Date of application for amendment: February 6, 2008, as supplemented on September 16 and November 6, 2008.

Brief description of amendment: The amendment approved the installation and use of the General Electric—Hitachi nuclear measurement analysis and control digital Power Range Neutron Monitoring System (PRNMS), and approved changes in the Technical Specifications to reflect use of the PRNMS at Monticello Nuclear Generating Plant.

Date of issuance: January 30, 2009.

Effective date: As of the date of issuance and shall be implemented within 90 days.

Amendment No.: 159.

Facility Operating License No. DPR-22. Amendment revised the Technical Specifications and Facility Operating License.

Date of initial notice in Federal Register : March 11, 2008 (73 FR 13025).

The supplemental letters contained clarifying information, did not change the initial no significant hazards consideration determination, and did not expand the scope of the original Federal Register notice.

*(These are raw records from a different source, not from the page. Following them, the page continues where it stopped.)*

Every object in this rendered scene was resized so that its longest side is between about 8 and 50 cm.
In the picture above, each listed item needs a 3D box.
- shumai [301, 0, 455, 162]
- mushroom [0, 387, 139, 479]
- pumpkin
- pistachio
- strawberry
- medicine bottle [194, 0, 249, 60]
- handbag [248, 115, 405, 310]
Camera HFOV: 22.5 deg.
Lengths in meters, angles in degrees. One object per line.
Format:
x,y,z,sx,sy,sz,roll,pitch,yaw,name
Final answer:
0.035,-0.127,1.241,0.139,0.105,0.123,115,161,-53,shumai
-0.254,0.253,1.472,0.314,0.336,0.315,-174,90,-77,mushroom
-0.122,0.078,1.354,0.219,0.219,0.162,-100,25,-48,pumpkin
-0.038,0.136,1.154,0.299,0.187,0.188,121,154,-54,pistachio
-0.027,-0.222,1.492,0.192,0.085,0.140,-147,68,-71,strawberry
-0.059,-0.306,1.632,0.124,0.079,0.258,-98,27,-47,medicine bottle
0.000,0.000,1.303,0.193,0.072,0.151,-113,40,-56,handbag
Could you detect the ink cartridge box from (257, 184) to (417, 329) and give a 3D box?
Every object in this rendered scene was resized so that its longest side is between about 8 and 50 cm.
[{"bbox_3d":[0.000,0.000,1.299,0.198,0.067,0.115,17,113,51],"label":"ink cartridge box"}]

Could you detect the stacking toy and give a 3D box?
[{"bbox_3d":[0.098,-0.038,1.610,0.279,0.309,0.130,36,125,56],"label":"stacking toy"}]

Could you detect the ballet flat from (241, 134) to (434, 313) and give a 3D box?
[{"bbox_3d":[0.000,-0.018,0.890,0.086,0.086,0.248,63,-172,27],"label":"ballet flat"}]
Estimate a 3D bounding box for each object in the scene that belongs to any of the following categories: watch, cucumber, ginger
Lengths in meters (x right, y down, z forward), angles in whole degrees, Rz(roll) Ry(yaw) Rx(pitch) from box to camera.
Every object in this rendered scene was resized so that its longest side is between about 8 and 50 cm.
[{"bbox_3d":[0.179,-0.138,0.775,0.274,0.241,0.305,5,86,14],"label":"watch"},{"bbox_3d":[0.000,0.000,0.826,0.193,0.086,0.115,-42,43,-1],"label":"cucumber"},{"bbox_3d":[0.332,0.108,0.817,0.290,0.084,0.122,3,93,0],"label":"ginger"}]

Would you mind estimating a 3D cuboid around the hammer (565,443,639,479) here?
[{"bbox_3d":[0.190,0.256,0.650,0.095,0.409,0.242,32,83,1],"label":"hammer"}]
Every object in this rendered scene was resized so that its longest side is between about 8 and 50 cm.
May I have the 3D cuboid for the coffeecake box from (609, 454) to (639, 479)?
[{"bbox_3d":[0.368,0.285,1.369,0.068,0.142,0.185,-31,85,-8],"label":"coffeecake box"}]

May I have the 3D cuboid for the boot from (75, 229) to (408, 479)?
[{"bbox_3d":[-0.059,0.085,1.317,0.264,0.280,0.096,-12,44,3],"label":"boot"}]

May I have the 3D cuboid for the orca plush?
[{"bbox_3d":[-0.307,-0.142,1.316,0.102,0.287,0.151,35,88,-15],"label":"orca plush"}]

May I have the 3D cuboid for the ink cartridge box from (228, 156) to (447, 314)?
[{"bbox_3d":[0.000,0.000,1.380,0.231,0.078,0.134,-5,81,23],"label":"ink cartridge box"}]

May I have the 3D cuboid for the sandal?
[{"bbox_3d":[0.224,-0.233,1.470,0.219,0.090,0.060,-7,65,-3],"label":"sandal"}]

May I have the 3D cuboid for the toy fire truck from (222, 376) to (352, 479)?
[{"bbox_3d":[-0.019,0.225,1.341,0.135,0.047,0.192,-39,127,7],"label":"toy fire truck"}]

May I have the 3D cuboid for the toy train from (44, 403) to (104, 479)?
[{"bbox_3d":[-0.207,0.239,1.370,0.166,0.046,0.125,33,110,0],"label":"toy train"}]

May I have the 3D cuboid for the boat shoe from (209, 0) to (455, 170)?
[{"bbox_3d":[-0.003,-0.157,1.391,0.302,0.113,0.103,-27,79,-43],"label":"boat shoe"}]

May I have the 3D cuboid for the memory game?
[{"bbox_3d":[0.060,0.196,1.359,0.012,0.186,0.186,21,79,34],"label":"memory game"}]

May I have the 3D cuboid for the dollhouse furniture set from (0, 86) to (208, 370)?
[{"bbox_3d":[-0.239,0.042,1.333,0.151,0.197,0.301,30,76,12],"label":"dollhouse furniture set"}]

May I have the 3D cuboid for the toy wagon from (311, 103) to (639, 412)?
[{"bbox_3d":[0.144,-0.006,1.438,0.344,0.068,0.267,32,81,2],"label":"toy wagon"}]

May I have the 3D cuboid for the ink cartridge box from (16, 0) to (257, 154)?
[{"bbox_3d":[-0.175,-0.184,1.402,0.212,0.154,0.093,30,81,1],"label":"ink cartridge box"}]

The Commission's related evaluation of the amendment is contained in a Safety Evaluation dated January 30, 2009.

No significant hazards consideration comments received: No.

Southern California Edison Company, et. al., Docket Nos. 50-361 and 50-362, San Onofre Nuclear Generating Station, Units 2 and 3, San Diego County, California

Date of application for amendments: June 27, 2008.

Brief description of amendments: The amendments revised the Technical Specifications (TSs) to adopt Technical Specification Task Force (TSTF) Change Traveler TSTF-487, Revision 1, “Relocate DNB [Departure from Nucleate Boiling] Parameters to the COLR [Core Operating Limits Report].” Specifically, the amendments revised TS 3.4.1 and its associated bases and TS Start Printed Page 82915.7.1.5 to replace the DNB numeric limits in TSs with references to the COLR.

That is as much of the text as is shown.